Modern and Contemporary Wing

Through February, 2013

The Philadelphia Museum of Art is presenting an installation of works by Joseph Cornell (American, 1903-1972), one of the pioneers of the art of assemblage who was widely admired for his exquisite collages and box constructions. Including rarely-shown objects, this installation brings together for the first time all works by the artist in the Museum’s collection.

Among the highlights is Cornell’s fragile and rarely exhibited Untitled Book Object (Journal d’Agriculture Pratique et Journal de l’Agriculture) (1933–45). It is a turn-of-the-century French agricultural manual transformed by Cornell through intricate manipulations of its pages, ranging from foldings and cutouts to insertions of drawings and objects. These interventions turn the book into a unique artwork and an extraordinary example of Cornell’s particular working method. In addition to works from the Museum’s collection, five works by Cornell loaned from private collections are also on view.

In the 1940s, Cornell became a member of the expatriate Surrealist circles in New York. Although he never identified himself with the movement, he is frequently considered to be one of the leading American Surrealist artists. To construct his objects, Cornell employed found materials such as antique photographs, magazine clippings, maps, and art reproductions, as well as an array of objects, from pipes and ball bearings to dolls and discarded commercial packaging. A self-taught artist, he also worked as a textile designer and graphic designer, and experimented with sculpture and film.

Another installation highlight presents rarely-displayed works by Cornell’s contemporaries, including Marcel Duchamp. During the years of their friendship, Cornell sometimes assisted Duchamp in assembling a series of editioned works, very likely including the specific version of Duchamp’s Box in a Valise (1935-43), which is on display.  Also on view is Cornell’s Duchamp Dossier (c.1942-53), a lidded cardboard box containing an original work by Duchamp given to Cornell as well as typed and handwritten notes, letters and postcards, exhibition announcements, and other such records collected over a decade of friendly exchange and correspondence between the two artists.

“Cornell’s works are maps of the imagination, where connections among the most disparate things and ideas are drawn according to the imperious rules of memory and desire.
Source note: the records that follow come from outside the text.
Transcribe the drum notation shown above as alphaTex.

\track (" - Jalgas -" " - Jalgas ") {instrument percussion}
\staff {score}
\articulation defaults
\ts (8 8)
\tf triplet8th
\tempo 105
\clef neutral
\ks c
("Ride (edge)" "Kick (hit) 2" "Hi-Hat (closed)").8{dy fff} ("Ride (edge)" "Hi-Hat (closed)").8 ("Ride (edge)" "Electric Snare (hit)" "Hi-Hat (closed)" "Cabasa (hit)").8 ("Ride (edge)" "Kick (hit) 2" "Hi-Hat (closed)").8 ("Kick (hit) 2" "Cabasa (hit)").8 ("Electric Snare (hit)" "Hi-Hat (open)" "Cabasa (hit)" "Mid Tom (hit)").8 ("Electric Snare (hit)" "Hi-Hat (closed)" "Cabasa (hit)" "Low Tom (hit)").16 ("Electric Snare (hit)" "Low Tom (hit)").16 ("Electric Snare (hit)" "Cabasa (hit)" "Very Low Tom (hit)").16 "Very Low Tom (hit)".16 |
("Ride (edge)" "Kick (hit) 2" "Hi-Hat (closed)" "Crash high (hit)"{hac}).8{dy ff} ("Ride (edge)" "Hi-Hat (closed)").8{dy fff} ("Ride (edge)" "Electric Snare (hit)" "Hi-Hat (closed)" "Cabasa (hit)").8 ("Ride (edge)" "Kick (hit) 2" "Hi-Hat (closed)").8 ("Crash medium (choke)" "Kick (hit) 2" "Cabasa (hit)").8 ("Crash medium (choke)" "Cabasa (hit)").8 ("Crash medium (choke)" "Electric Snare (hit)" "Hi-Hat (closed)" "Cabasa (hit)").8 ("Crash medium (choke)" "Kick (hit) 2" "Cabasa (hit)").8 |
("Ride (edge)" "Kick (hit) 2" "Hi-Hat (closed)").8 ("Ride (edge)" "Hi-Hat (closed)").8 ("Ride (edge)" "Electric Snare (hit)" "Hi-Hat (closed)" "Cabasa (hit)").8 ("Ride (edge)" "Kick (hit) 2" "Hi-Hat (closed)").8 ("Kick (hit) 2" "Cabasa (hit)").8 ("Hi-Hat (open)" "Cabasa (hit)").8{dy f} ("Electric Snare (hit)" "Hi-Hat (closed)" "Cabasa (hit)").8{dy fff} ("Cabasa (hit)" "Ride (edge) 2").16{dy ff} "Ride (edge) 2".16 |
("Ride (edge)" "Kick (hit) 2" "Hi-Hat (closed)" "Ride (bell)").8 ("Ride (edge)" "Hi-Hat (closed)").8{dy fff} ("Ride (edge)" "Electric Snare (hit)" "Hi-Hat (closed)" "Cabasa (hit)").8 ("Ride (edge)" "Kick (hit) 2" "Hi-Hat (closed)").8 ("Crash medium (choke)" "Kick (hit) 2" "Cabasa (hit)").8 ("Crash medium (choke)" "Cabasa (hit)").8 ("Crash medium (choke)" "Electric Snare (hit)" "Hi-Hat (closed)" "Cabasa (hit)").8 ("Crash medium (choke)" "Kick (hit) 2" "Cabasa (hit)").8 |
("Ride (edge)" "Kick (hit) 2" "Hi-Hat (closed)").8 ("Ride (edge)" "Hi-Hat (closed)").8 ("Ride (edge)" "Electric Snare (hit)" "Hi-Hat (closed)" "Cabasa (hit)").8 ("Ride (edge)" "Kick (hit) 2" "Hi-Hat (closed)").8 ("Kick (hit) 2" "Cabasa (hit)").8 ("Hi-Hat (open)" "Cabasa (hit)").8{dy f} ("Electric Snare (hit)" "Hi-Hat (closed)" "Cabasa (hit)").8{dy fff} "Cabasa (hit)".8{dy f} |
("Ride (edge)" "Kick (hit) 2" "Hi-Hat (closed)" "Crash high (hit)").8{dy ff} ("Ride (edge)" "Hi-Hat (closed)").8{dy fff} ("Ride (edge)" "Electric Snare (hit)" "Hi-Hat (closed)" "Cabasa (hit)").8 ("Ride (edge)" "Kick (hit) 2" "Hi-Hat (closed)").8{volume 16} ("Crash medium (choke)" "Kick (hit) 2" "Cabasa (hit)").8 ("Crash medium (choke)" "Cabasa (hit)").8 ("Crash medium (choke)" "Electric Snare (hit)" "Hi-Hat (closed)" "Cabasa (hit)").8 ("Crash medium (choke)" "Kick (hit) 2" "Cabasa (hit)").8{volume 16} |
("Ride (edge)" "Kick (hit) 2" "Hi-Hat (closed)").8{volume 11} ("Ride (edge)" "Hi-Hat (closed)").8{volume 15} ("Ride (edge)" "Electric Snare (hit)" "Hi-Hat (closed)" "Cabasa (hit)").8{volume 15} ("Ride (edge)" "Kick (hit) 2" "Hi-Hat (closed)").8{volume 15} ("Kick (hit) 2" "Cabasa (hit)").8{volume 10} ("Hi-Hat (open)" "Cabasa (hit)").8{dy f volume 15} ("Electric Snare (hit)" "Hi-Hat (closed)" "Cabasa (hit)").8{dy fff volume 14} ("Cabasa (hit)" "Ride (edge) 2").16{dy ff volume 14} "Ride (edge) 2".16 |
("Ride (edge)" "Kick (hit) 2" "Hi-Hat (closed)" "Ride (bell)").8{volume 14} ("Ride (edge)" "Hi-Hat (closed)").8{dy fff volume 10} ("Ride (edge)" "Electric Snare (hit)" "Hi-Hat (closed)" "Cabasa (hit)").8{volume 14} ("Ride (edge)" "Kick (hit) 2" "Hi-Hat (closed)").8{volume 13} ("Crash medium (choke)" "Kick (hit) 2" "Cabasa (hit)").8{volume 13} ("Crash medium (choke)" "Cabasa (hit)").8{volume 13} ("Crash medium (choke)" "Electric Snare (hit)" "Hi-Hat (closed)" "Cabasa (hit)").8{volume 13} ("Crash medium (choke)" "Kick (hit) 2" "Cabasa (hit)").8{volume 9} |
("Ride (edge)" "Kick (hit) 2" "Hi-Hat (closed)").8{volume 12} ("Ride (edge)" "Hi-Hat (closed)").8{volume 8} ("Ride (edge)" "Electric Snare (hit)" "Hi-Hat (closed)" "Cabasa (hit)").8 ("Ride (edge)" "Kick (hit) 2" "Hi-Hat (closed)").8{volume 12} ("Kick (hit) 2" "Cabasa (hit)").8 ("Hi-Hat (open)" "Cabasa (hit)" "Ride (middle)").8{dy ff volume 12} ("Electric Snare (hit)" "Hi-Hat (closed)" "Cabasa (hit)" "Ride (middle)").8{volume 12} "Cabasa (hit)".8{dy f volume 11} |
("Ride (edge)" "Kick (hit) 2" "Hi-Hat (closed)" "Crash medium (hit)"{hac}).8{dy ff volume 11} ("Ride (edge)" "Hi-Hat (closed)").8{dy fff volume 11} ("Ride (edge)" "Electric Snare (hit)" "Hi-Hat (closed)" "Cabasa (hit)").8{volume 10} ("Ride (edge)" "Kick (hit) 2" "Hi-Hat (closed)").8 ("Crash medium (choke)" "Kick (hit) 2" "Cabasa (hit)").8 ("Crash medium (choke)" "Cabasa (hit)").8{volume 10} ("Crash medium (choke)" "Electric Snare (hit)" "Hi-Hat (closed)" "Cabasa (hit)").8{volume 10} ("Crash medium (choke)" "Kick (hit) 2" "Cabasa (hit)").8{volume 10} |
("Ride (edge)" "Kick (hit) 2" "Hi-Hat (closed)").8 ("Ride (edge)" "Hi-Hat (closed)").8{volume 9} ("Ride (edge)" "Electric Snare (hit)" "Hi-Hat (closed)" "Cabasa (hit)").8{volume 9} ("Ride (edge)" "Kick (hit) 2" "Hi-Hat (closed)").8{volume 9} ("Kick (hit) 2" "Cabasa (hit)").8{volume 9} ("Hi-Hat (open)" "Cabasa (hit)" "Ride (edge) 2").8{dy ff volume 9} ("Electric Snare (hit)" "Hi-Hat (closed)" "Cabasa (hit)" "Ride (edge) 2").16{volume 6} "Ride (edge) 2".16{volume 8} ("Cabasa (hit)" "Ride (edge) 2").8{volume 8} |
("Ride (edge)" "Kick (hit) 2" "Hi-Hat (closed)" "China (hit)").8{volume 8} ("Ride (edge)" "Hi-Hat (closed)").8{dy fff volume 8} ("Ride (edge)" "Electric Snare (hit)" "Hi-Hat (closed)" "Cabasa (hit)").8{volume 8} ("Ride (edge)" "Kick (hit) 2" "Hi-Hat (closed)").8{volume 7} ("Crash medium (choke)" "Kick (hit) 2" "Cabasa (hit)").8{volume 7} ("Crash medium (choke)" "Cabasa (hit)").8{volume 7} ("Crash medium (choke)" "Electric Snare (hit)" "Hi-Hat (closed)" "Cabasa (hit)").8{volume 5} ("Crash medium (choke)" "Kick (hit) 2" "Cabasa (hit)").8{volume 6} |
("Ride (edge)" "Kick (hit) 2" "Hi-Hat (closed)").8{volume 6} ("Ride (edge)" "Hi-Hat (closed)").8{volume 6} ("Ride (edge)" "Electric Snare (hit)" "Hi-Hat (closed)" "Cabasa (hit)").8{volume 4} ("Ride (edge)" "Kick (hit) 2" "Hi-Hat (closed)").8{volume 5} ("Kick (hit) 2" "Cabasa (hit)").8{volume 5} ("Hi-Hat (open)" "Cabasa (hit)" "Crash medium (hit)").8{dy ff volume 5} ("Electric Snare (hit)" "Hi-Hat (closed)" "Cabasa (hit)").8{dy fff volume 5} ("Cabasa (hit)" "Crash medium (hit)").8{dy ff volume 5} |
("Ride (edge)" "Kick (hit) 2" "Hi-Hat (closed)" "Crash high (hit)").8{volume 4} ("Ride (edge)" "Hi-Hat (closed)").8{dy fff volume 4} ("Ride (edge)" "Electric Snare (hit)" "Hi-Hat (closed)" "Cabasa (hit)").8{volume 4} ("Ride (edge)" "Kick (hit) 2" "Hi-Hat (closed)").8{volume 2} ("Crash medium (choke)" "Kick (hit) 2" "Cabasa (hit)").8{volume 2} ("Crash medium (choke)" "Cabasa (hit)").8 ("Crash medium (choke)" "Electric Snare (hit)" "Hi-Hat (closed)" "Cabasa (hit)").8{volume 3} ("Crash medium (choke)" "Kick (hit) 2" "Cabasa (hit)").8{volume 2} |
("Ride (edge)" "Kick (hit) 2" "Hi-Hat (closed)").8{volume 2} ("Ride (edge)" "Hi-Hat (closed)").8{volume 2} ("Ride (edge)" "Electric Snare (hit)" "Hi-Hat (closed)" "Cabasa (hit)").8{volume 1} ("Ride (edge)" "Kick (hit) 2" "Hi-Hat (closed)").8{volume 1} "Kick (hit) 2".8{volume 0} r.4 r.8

In part because of the artist’s links to the Surrealist movement, and especially because of his friendship with Marcel Duchamp, Cornell’s work represents some of the best of the Museum’s collection, which also contains the largest holdings of Duchamp’s work in the world,” said Anna Vallye, Andrew W. Mellon Postdoctoral Curatorial Fellow at the Philadelphia Museum of Art.

The installation will resonate with the upcoming special exhibition Dancing around the Bride: Cage, Cunningham, Johns, Rauschenberg, and Duchamp on view from October 30, 2012 through January 21, 2013, which will trace the indelible influence of Duchamp on some of the most important figures in postwar American art.
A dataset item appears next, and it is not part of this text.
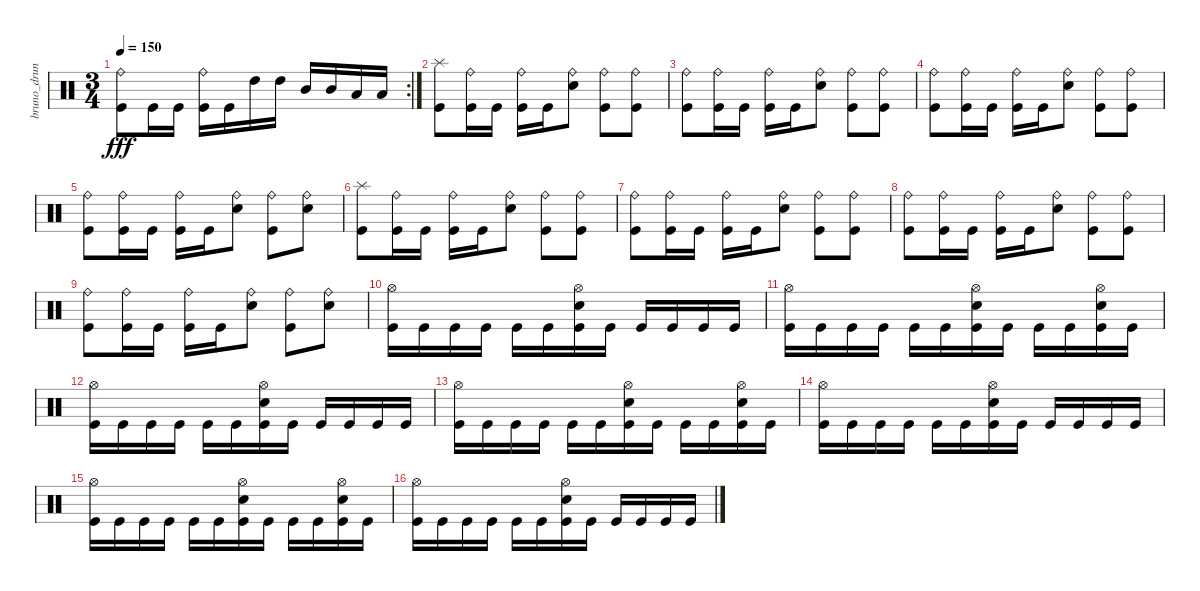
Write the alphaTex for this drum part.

The Cornell installation is presented in conjunction with the publication of a boxed set edition reprint of Untitled Book Object and includes a suite of facsimile pages from the book, together with a volume of scholarly essays and an interactive CD-Rom. The boxed set is published by Thames and Hudson in association with the Philadelphia Museum of Art and will be available in the Museum Store in November 2012 ($80.00)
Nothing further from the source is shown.